Even if the optimizations don’t exist, it’s probably not a big deal. Once the textures are committed to the GL Pipeline, then you only have to worry about shunting vertexes. If Cas used massive triangle fans, then I’d worry. But he doesn’t, so the performance probably is not significantly different. The big thing is that the NIO support exists. Without it, LWJGL won’t compile.
[quote]This can be easily hundreds times slower than HotSpot implementation. Even if 1 from 5 percent above is dependent on buffer speed, slowing buffer access 200 times would mean that CPU part will take 66% of time instead of 5% - slowing everything 3 times.
[/quote]
Ummm… 5% of program execution time != 5% of main CPU time. If his code executes at an effective 100MHz, then it’s still faster than most of the previous generation consoles. Remember, he’s just doing 2D + some effects. Not exactly straining for more horsepower. (Of course, future efforts might. But then you need to profile!)

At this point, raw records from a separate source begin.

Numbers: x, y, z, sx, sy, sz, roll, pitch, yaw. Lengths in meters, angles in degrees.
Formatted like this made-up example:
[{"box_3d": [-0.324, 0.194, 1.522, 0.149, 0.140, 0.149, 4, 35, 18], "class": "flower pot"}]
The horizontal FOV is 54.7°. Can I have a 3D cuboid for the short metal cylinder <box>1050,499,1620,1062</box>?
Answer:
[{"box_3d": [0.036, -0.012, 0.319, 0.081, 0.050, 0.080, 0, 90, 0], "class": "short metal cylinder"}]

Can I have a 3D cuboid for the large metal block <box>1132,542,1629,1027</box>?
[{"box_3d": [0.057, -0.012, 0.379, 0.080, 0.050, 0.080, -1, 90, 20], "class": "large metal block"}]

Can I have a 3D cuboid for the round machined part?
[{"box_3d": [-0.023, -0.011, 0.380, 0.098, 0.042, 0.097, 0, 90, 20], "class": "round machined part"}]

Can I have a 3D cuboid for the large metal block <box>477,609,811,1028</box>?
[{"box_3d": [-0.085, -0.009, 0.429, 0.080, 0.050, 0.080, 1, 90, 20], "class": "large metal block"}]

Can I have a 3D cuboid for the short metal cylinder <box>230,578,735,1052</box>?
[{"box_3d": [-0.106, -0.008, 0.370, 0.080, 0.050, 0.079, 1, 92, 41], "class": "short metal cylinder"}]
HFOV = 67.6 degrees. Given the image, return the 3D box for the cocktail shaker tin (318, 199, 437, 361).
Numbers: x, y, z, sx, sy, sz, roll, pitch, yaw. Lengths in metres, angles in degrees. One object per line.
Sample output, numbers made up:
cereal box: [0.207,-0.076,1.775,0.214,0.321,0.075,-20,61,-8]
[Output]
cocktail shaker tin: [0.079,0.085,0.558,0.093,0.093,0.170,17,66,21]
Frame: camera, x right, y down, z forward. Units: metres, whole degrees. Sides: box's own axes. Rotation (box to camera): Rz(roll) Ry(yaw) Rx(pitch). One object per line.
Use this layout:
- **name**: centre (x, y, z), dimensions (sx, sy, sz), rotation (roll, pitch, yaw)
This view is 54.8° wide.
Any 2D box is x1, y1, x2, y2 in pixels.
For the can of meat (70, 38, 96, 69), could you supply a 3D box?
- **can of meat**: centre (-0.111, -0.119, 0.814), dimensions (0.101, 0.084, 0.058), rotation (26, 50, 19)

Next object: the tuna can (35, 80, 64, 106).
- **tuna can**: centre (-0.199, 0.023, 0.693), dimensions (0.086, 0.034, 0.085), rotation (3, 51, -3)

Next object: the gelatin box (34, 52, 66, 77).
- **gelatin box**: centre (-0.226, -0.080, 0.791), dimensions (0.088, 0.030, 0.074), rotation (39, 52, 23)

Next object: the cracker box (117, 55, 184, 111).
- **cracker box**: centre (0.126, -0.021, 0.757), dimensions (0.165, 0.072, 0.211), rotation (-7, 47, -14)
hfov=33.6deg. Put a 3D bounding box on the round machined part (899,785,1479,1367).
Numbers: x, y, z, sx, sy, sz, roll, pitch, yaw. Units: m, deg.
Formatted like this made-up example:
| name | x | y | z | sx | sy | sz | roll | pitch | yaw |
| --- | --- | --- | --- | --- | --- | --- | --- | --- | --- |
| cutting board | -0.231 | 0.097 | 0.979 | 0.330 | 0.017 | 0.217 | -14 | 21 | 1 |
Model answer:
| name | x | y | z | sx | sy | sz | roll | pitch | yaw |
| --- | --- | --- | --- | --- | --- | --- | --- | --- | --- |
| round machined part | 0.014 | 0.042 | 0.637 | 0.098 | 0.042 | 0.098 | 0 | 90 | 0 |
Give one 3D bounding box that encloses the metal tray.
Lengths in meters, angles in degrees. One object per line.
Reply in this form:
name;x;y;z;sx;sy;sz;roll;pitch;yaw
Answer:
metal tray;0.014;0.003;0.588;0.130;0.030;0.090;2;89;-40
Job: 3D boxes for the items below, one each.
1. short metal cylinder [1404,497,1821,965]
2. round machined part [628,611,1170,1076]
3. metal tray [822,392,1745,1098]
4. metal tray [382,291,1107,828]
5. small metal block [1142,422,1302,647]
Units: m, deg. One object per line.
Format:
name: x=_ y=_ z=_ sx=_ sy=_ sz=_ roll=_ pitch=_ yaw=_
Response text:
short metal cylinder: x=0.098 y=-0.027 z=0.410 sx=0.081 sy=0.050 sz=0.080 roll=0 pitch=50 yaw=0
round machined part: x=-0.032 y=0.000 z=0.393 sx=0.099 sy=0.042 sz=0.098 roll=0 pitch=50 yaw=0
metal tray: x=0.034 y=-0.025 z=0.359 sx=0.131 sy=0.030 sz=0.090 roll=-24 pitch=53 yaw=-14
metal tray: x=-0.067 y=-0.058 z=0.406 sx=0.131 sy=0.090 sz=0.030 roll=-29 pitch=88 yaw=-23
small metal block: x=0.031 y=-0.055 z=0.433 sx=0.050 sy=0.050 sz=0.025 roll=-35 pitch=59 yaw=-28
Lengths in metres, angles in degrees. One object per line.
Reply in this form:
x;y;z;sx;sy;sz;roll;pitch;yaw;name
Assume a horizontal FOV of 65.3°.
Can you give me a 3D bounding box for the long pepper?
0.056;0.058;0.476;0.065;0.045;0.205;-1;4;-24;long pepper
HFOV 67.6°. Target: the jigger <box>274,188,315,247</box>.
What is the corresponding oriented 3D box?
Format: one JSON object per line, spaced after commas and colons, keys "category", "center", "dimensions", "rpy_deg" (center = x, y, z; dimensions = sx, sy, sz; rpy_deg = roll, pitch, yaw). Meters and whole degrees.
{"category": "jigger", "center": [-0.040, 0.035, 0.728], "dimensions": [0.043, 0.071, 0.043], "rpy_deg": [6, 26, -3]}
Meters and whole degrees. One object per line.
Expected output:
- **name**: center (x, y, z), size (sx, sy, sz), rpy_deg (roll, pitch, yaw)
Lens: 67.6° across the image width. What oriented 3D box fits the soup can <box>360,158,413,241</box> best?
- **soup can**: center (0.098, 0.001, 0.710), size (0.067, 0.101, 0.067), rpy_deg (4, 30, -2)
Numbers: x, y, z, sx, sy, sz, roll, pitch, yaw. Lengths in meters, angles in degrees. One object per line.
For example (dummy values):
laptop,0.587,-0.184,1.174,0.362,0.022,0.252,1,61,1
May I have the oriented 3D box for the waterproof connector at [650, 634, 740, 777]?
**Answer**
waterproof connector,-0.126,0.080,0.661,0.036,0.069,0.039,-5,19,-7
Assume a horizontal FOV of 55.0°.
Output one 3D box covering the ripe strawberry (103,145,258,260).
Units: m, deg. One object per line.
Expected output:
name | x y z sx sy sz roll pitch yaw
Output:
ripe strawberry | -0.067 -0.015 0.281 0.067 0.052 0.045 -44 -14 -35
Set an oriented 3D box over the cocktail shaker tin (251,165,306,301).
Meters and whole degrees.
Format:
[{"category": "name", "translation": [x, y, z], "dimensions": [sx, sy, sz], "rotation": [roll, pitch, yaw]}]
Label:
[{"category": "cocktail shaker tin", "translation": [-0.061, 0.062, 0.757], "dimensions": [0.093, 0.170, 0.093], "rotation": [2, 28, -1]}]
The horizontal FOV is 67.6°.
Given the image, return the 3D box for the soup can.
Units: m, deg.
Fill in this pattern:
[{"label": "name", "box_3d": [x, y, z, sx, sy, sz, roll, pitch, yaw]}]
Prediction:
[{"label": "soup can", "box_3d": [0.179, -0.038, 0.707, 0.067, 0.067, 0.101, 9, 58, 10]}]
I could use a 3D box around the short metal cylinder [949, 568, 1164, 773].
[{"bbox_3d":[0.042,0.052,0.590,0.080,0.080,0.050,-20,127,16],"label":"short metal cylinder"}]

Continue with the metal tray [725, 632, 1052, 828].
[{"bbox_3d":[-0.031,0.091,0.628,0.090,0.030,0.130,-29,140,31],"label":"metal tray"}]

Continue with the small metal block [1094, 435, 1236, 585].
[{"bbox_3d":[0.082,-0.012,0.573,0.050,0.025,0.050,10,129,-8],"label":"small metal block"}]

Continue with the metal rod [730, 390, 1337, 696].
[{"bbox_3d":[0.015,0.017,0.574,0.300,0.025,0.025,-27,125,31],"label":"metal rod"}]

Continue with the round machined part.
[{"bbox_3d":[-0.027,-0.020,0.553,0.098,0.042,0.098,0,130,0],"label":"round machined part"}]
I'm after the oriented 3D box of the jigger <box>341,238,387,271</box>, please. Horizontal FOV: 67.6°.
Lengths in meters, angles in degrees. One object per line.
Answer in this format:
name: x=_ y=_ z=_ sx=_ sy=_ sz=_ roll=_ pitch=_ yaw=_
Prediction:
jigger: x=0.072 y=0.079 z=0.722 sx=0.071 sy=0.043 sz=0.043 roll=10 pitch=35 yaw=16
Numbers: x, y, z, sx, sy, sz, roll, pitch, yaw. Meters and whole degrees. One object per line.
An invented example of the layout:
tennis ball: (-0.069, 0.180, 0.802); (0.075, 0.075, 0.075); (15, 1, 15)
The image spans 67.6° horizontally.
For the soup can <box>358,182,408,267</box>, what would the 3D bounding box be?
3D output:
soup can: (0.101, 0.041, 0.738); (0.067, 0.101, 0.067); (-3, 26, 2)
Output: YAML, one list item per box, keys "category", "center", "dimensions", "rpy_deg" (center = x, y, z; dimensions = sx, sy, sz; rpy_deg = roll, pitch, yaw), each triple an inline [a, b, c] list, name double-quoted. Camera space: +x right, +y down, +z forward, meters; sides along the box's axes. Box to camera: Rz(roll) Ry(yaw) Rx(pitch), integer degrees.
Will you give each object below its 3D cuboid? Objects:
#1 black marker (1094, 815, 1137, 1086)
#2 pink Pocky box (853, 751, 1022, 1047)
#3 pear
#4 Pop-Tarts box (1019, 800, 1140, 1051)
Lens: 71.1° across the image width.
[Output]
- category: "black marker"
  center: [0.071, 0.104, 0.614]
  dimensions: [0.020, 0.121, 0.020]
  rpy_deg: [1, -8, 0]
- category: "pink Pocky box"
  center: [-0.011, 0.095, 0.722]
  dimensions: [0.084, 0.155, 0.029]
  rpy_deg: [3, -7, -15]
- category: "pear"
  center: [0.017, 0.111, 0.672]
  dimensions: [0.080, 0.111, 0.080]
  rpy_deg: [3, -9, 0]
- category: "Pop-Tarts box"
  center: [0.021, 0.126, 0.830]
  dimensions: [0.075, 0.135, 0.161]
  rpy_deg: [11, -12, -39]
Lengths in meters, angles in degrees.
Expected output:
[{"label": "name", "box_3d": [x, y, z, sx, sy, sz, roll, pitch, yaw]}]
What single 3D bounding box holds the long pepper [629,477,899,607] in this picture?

[quote]Of course, only way to be sure is to check this. But it is not just a problem of kaffe supporting nio. It is a problem of kaffe supporting DirectByteBuffer deep inside jit machine, optimizing it as much as possible. Two JNI calls per every float get/put is just not acceptable for anything even remotely real time - unless you transfer entire arrays at once. But Buffers are created to avoid working on java arrays…
[/quote]
Is there somewhere I’m missing something? From what I can see, he doesn’t have any triangle fans or vertex arrays. In fact, he’s probably using a set of vertex calls or glRect() calls. No ByteBuffers required. The only time he would need to worry is when he sends the textures to the card. Since that’s a one time operation, any slowdown should be unnoticable.
Now with all that out of the way, let me mention that Kaffe does have a JIT compiler for certain platforms. So it’s imperative that you profile the target platform to see if it will work for you.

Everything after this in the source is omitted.